Extracted records:
════════════════════
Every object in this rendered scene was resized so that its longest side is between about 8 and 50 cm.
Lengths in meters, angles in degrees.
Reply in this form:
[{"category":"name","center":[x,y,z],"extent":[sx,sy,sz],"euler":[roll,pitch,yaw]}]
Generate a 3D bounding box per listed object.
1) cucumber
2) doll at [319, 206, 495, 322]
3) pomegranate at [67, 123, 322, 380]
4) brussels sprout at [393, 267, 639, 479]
════════════════════
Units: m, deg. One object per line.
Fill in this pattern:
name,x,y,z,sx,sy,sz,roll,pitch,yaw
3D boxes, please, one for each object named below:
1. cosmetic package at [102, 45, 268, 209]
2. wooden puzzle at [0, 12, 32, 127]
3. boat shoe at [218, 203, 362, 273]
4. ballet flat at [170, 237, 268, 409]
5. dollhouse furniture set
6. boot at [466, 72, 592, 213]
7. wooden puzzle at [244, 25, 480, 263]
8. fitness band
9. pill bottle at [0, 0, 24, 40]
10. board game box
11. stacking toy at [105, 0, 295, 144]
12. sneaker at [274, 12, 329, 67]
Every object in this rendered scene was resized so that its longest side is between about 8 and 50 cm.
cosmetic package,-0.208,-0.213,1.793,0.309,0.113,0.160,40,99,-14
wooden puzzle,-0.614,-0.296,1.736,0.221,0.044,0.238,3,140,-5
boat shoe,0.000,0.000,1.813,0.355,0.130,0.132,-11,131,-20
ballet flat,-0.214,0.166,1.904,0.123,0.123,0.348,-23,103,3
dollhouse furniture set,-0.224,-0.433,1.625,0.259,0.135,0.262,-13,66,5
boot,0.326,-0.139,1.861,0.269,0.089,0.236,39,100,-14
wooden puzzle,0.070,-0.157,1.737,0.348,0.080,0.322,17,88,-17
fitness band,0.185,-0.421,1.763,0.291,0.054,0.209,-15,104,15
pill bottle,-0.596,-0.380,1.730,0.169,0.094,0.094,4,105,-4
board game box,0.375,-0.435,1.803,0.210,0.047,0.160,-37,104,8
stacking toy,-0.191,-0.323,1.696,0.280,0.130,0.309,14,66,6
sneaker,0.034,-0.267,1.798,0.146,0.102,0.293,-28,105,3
════════════════════
What is expected:
Using the data above, reproduce exactly the lines between those holding "1) cucumber" and "4) brussels sprout at [393, 267, 639, 479]", inclusive, and no others.

Output of the task:
1) cucumber
2) doll at [319, 206, 495, 322]
3) pomegranate at [67, 123, 322, 380]
4) brussels sprout at [393, 267, 639, 479]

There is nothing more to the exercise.